Let's create a complete client script that demonstrates the full workflow:

In [None]:
%%writefile ../library_thrift_client.py
import thriftpy2
library_thrift = thriftpy2.load("./schema/library.thrift", module_name="library_thrift")

from thriftpy2.rpc import make_client

def main():
    # Connect to server
    print("🔌 Connecting to Library server...")
    client = make_client(library_thrift.LibraryService, timeout=None)
    
    # Create some books
    book1 = library_thrift.Book(
        bookId="ISBN-001",
        title="Python for Data Analysis",
        author="Wes McKinney",
        publishedYear=2022,
        genres=["Programming", "Data Science"],
        isAvailable=True
    )
    
    book2 = library_thrift.Book(
        bookId="ISBN-002", 
        title="Machine Learning Yearning",
        author="Andrew Ng",
        publishedYear=2018,
        genres=["AI", "Machine Learning"],
        isAvailable=True
    )
    
    # Demonstrate library operations
    print("\n📚 Library Management Demo")
    print("=" * 40)
    
    # 1. Search for books
    print("\n🔍 Searching for books containing 'Machine'...")
    results = client.searchBooks("Machine")
    for book in results:
        print(f"   Found: {book.title} by {book.author}")
    
    # 2. Borrow books
    print("\n📖 John is borrowing books...")
    book1 = client.borrowBook(book1, "John Doe")
    book2 = client.borrowBook(book2, "John Doe")
    
    # 3. Return a book
    print("\n📚 John is returning one book...")
    book1 = client.returnBook(book1)
    
    print("\n✅ Demo completed successfully!")

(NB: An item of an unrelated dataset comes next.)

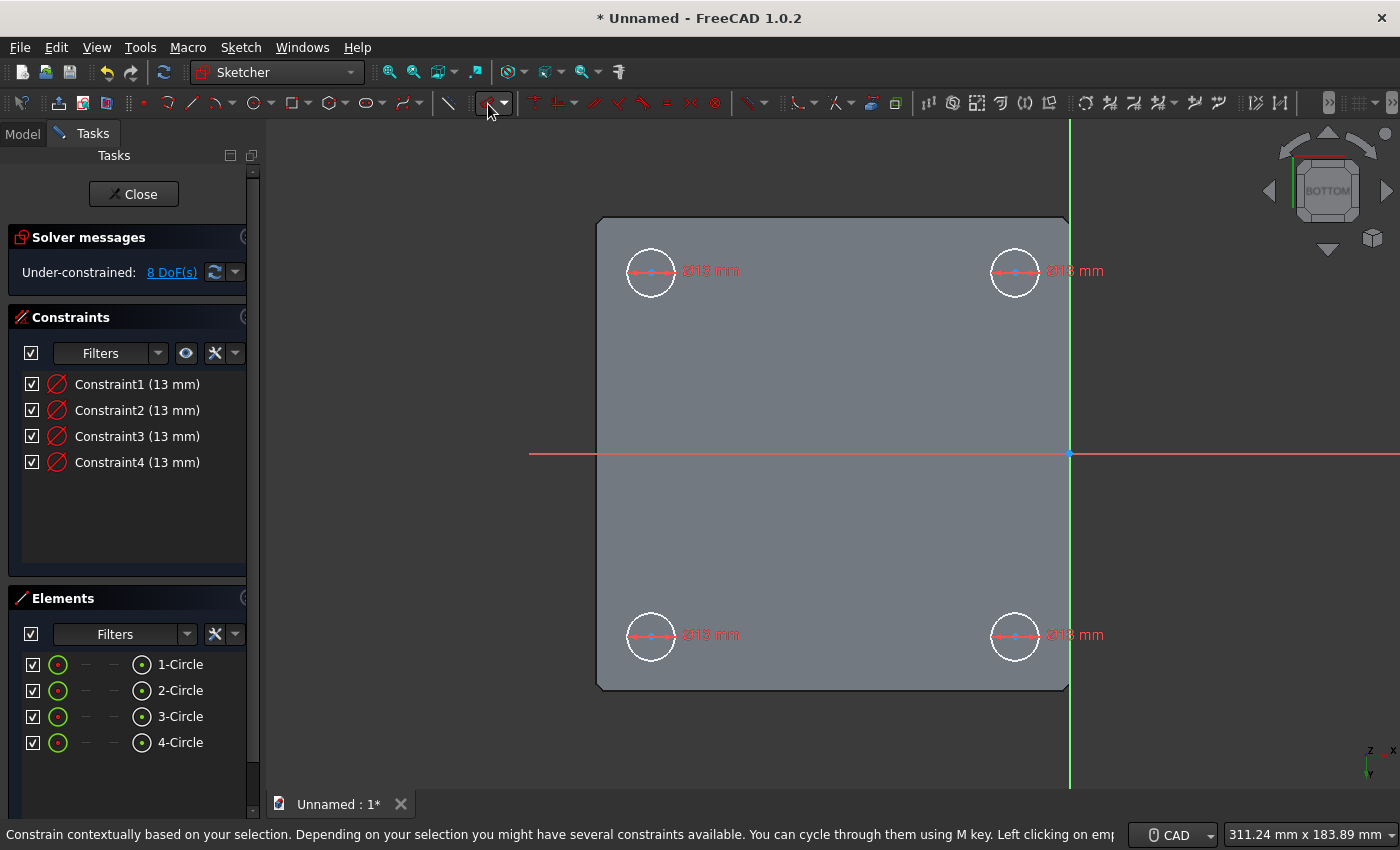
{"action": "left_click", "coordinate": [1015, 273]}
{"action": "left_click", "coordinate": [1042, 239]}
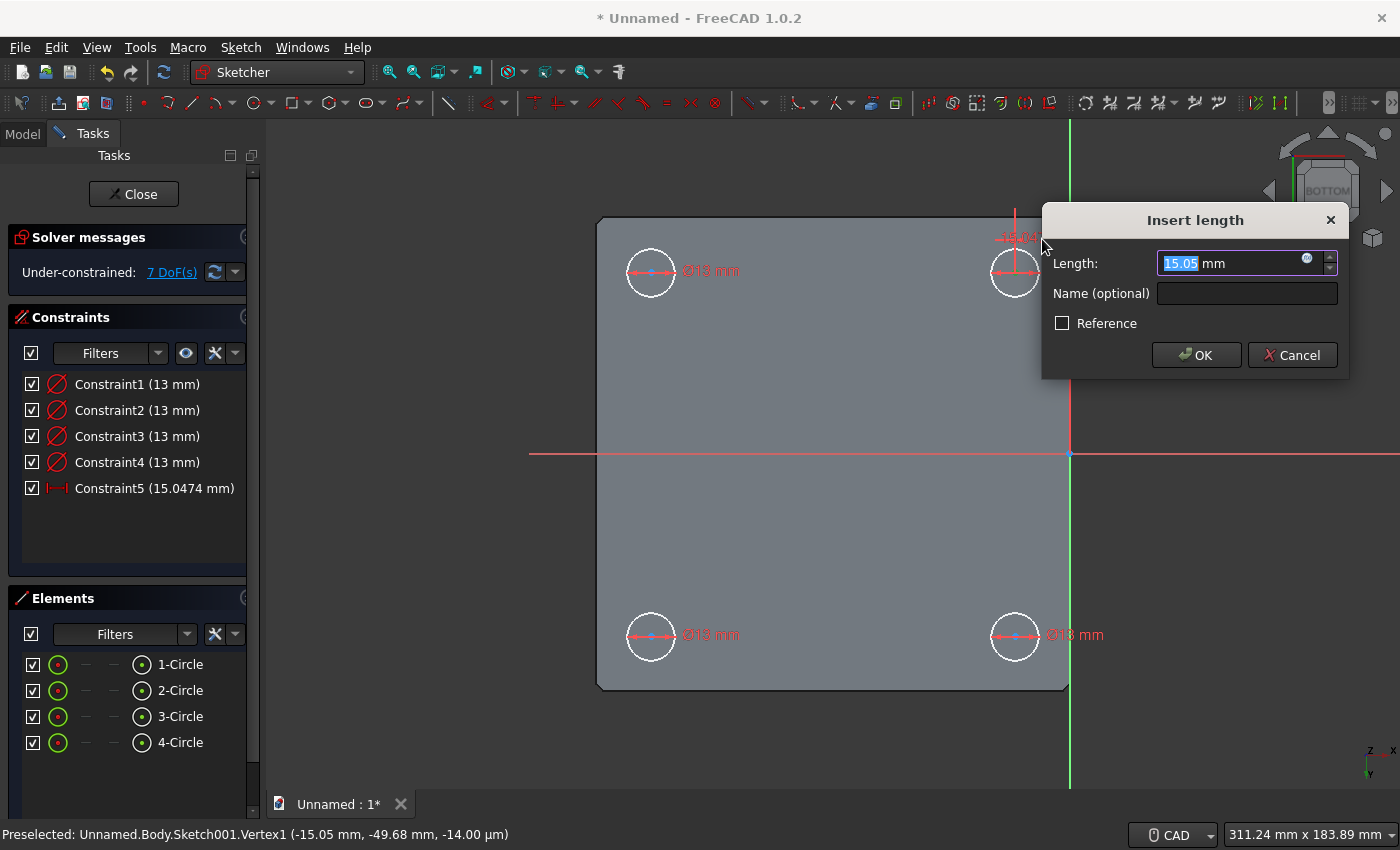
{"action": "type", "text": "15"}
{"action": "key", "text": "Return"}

if __name__ == "__main__":
    main()

## How to Test the Complete System

1. **Run the server** (in terminal 1):
   ```bash
   python library_thrift_server.py
   ```

2. **Run the client** (in terminal 2):
   ```bash
   python library_thrift_client.py
   ```

3. **Expected output**:
   - Server shows: RPC calls being processed
   - Client shows: Search results, borrow/return confirmations

## Key Learning Points

### 1. **Schema vs Implementation**
- **`.thrift` file**: Defines the contract (what data looks like, what methods exist)
- **Server class**: Implements the actual business logic
- **Client code**: Uses the contract to make remote calls

### 2. **Field Tags vs Field Names**
- **Field tags (1:, 2:, 3:)**: Used in binary encoding for efficiency
- **Field names (bookId, title)**: Used in your Python code for readability
- **Why this matters**: You can change field names without breaking compatibility!

### 3. **RPC Flow**
```
Client Python Object → Binary Data → Network → Binary Data → Server Python Object
Server Python Object → Binary Data → Network → Binary Data → Client Python Object
```

### 4. **Required vs Optional**
- **required**: Must be provided, breaking change to remove
- **optional**: Can be omitted, safe to add/remove for compatibility

## Practice Exercises

Try extending this example:

1. **Add a `Patron` struct** with fields like `patronId`, `name`, `email`, `borrowedBooks`

2. **Add new service methods**:
   - `registerPatron(Patron patron)` → returns registered Patron
   - `getPatronHistory(string patronId)` → returns list<Book>

3. **Handle edge cases**:
   - What happens if someone tries to borrow an unavailable book?
   - How do you track due dates?

4. **Compare with JSON**:
   - How much smaller is the Thrift binary vs equivalent JSON?
   - What happens if you add a new field to an old client?

These exercises will deepen your understanding of Thrift's schema evolution, binary efficiency, and RPC patterns!